→ **Provided material**:

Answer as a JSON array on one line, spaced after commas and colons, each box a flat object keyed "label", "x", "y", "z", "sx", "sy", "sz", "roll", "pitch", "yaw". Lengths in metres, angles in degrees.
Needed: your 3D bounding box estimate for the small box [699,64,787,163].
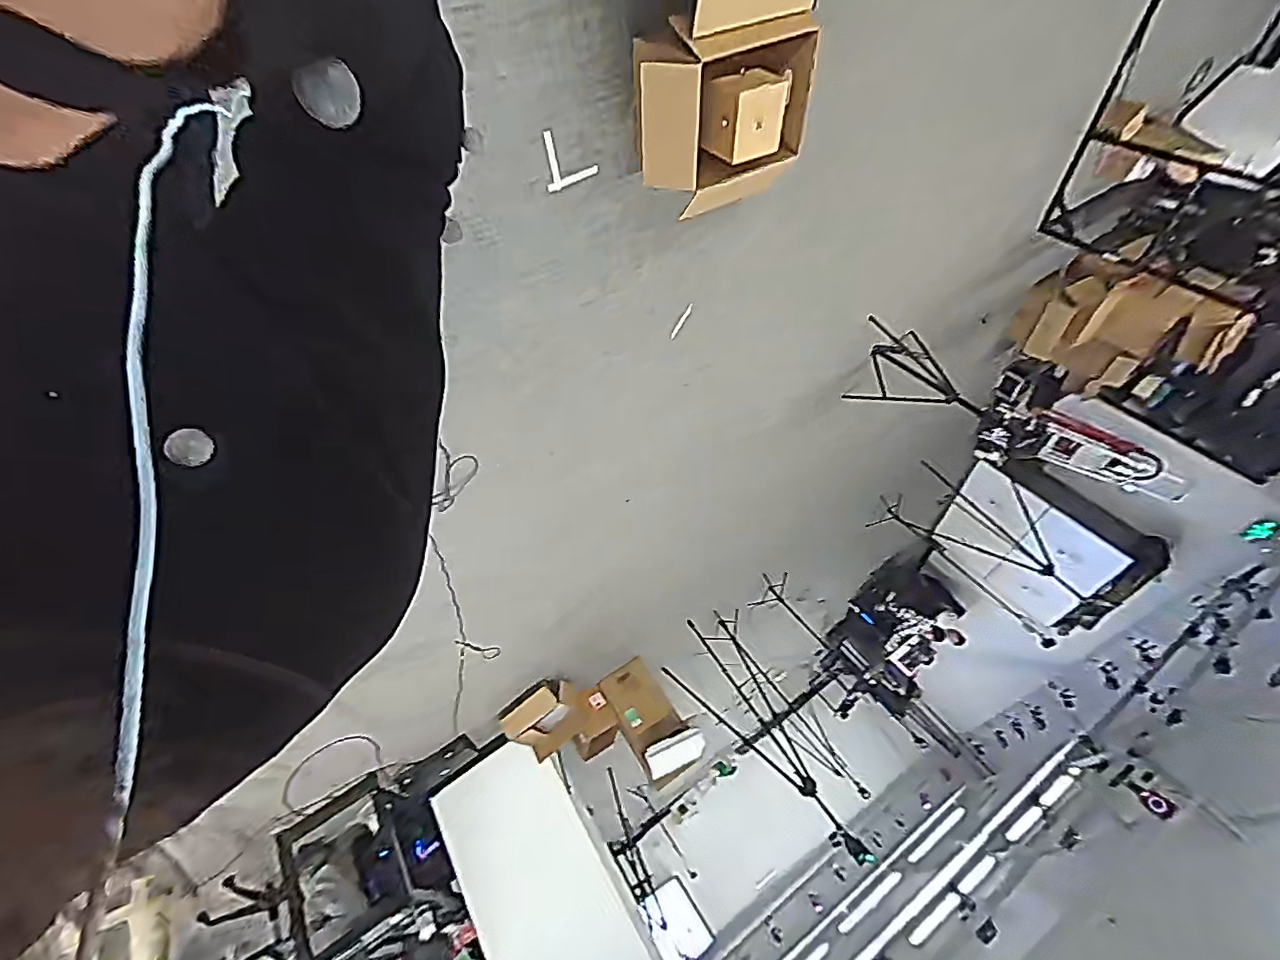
[{"label": "small box", "x": 0.279, "y": -1.022, "z": 1.507, "sx": 0.168, "sy": 0.176, "sz": 0.179, "roll": -27, "pitch": 144, "yaw": -17}]

→ **Exercise objective**: Excluding all images, transcribe the material word for word.

→ **Worked solution**:
Answer as a JSON array on one line, spaced after commas and colons, each box a flat object keyed "label", "x", "y", "z", "sx", "sy", "sz", "roll", "pitch", "yaw". Lengths in metres, angles in degrees.
Needed: your 3D bounding box estimate for the small box [699,64,787,163].
[{"label": "small box", "x": 0.279, "y": -1.022, "z": 1.507, "sx": 0.168, "sy": 0.176, "sz": 0.179, "roll": -27, "pitch": 144, "yaw": -17}]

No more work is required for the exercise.